Saved data entries
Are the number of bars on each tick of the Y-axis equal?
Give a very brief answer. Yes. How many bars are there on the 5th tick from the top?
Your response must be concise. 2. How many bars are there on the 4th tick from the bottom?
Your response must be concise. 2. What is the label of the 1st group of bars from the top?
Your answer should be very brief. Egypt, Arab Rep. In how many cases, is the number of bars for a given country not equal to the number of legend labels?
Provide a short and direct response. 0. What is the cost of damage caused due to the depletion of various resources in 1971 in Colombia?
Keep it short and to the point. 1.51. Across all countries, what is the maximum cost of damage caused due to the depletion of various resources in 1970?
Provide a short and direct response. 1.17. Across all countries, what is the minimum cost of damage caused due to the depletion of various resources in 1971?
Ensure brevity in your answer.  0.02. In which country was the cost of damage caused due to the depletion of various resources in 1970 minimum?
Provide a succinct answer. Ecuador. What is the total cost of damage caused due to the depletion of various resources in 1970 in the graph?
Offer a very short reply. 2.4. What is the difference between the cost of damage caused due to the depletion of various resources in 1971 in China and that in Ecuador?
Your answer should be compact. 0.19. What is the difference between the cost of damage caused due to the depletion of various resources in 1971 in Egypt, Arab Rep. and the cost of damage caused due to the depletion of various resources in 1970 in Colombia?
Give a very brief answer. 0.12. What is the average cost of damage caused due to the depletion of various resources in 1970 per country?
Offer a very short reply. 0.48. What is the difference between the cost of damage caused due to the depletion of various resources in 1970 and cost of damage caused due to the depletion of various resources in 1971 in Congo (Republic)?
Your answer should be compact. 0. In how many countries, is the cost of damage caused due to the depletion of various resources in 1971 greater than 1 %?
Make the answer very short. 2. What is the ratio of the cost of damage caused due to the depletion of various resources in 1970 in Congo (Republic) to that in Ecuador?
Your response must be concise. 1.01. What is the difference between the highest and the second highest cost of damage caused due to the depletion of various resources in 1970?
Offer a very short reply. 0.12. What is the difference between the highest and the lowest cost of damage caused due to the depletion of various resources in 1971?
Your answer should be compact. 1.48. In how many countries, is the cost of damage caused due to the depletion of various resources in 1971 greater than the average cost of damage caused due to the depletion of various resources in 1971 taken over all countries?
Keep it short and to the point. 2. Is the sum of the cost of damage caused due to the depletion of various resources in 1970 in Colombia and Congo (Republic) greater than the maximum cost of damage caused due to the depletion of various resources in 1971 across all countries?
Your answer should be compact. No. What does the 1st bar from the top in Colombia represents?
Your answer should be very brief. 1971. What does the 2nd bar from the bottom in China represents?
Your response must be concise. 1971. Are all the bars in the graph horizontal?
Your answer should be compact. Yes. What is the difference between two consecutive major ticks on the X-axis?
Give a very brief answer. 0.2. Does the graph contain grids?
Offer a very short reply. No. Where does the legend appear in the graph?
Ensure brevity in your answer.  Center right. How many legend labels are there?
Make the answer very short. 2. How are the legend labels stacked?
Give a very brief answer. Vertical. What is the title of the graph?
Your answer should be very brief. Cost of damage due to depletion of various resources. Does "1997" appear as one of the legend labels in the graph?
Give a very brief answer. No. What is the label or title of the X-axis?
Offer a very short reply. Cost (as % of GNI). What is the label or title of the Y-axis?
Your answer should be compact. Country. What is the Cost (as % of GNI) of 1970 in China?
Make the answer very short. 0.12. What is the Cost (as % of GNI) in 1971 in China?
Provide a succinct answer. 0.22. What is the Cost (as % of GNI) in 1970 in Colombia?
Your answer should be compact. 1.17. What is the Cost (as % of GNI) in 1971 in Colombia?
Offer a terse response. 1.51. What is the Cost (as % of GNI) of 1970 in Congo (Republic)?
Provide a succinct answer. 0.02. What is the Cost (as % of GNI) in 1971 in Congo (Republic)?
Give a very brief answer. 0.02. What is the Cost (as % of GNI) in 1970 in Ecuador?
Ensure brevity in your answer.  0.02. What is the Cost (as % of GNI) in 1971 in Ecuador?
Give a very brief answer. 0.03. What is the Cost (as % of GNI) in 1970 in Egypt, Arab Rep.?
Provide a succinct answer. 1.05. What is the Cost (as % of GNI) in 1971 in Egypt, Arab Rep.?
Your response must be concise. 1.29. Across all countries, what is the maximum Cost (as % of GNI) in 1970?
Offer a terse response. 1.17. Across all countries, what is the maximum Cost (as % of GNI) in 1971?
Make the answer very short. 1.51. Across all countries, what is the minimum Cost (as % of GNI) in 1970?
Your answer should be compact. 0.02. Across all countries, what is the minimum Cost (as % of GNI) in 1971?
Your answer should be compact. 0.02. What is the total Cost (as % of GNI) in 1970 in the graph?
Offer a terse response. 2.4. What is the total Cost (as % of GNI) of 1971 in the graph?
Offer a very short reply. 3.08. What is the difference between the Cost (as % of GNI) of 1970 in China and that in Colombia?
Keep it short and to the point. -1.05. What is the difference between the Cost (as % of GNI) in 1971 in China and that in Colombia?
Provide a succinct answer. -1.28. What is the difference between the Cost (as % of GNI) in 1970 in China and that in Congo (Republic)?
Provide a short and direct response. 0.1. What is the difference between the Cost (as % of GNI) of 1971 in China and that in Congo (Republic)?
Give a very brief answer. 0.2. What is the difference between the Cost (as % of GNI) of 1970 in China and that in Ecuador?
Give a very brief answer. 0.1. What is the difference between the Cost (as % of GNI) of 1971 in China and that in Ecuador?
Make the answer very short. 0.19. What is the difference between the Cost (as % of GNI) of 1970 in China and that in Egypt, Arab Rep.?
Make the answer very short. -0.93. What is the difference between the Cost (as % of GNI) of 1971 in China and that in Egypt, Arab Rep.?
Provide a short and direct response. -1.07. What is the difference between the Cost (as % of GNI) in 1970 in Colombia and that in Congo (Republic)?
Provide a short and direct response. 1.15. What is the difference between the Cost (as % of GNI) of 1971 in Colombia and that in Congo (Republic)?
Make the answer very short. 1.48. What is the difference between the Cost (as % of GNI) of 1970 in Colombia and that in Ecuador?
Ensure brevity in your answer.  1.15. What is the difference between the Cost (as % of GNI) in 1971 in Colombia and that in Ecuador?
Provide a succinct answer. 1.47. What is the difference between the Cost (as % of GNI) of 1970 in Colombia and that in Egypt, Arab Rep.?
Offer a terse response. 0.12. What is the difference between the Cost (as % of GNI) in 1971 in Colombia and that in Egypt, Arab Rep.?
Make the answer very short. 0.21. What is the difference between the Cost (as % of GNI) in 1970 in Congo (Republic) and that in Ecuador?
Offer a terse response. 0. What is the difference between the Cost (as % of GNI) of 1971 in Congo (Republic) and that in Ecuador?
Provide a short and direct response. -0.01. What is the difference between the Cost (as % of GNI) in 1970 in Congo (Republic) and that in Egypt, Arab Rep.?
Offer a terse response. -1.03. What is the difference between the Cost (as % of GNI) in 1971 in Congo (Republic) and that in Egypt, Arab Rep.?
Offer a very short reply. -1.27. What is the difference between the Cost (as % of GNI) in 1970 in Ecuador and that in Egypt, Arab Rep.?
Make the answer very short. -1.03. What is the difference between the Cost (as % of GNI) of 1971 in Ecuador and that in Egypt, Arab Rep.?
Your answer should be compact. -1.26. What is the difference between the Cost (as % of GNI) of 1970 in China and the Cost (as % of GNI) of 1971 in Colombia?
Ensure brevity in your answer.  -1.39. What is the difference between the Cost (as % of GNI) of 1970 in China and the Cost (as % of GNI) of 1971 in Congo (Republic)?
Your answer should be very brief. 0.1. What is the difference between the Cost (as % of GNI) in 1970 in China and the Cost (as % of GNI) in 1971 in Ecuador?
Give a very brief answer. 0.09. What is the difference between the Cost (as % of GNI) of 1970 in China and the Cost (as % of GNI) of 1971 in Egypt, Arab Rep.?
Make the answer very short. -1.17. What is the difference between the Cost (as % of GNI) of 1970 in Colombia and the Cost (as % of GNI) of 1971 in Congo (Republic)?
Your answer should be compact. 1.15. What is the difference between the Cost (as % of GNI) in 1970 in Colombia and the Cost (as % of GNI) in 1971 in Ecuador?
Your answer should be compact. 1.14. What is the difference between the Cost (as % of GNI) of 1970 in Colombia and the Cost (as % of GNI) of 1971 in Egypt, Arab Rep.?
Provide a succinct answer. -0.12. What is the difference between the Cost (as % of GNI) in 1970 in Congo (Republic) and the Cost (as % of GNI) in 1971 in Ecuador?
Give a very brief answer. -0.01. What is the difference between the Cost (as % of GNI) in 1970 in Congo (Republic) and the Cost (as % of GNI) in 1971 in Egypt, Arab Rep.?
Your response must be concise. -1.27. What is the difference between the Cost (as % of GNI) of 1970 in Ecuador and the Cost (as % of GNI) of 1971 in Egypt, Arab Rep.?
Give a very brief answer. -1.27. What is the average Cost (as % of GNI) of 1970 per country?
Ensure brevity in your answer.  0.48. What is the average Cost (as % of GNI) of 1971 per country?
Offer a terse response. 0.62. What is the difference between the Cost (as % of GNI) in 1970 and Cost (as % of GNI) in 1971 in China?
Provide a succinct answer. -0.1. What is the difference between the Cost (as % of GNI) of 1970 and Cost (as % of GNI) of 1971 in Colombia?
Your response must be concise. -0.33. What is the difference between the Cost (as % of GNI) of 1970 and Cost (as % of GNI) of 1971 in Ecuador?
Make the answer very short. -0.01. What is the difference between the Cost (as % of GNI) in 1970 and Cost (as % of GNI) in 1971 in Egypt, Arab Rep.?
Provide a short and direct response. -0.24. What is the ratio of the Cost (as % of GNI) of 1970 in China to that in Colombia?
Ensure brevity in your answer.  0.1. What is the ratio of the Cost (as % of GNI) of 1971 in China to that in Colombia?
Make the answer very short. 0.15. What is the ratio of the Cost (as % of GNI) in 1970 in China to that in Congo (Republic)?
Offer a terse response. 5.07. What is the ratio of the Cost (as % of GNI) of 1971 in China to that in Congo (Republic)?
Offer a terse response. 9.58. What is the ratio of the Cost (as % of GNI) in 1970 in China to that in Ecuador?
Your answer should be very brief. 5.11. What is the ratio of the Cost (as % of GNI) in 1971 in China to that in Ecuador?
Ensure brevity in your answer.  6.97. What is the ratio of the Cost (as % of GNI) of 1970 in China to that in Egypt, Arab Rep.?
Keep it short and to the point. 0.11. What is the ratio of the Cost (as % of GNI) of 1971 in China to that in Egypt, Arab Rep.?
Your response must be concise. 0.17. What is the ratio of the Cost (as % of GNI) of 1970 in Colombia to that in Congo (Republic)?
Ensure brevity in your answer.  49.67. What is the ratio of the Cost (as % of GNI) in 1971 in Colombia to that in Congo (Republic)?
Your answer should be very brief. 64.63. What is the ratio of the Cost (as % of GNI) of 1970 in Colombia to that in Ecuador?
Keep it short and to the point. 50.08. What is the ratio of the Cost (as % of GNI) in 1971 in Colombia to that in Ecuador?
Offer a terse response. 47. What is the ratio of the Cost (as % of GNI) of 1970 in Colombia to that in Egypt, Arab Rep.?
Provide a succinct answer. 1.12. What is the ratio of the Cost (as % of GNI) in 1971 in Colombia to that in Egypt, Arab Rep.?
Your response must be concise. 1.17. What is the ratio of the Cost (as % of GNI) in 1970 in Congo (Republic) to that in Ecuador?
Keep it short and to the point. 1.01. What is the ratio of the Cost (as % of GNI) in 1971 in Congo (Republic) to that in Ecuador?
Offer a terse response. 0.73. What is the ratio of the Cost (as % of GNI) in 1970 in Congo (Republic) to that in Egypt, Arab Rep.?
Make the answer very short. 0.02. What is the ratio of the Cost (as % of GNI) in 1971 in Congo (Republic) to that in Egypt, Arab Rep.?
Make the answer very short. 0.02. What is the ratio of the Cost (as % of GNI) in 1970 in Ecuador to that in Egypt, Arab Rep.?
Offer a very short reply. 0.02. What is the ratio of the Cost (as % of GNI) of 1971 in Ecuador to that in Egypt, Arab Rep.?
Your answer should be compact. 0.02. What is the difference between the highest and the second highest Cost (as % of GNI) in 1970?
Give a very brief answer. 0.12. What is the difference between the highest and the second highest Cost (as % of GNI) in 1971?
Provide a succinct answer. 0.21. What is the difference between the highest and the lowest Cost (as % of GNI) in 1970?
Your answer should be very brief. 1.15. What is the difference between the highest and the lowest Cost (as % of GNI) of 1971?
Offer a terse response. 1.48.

→ Work item:
In the data above, retype exactly and only the lines between the one holding "Offer a terse response. -1.03." and the one holding "1971 per country?", inclusive.

→ Response box:
Offer a terse response. -1.03. What is the difference between the Cost (as % of GNI) in 1971 in Congo (Republic) and that in Egypt, Arab Rep.?
Offer a very short reply. -1.27. What is the difference between the Cost (as % of GNI) in 1970 in Ecuador and that in Egypt, Arab Rep.?
Make the answer very short. -1.03. What is the difference between the Cost (as % of GNI) of 1971 in Ecuador and that in Egypt, Arab Rep.?
Your answer should be compact. -1.26. What is the difference between the Cost (as % of GNI) of 1970 in China and the Cost (as % of GNI) of 1971 in Colombia?
Ensure brevity in your answer.  -1.39. What is the difference between the Cost (as % of GNI) of 1970 in China and the Cost (as % of GNI) of 1971 in Congo (Republic)?
Your answer should be very brief. 0.1. What is the difference between the Cost (as % of GNI) in 1970 in China and the Cost (as % of GNI) in 1971 in Ecuador?
Give a very brief answer. 0.09. What is the difference between the Cost (as % of GNI) of 1970 in China and the Cost (as % of GNI) of 1971 in Egypt, Arab Rep.?
Make the answer very short. -1.17. What is the difference between the Cost (as % of GNI) of 1970 in Colombia and the Cost (as % of GNI) of 1971 in Congo (Republic)?
Your answer should be compact. 1.15. What is the difference between the Cost (as % of GNI) in 1970 in Colombia and the Cost (as % of GNI) in 1971 in Ecuador?
Your answer should be compact. 1.14. What is the difference between the Cost (as % of GNI) of 1970 in Colombia and the Cost (as % of GNI) of 1971 in Egypt, Arab Rep.?
Provide a succinct answer. -0.12. What is the difference between the Cost (as % of GNI) in 1970 in Congo (Republic) and the Cost (as % of GNI) in 1971 in Ecuador?
Give a very brief answer. -0.01. What is the difference between the Cost (as % of GNI) in 1970 in Congo (Republic) and the Cost (as % of GNI) in 1971 in Egypt, Arab Rep.?
Your response must be concise. -1.27. What is the difference between the Cost (as % of GNI) of 1970 in Ecuador and the Cost (as % of GNI) of 1971 in Egypt, Arab Rep.?
Give a very brief answer. -1.27. What is the average Cost (as % of GNI) of 1970 per country?
Ensure brevity in your answer.  0.48. What is the average Cost (as % of GNI) of 1971 per country?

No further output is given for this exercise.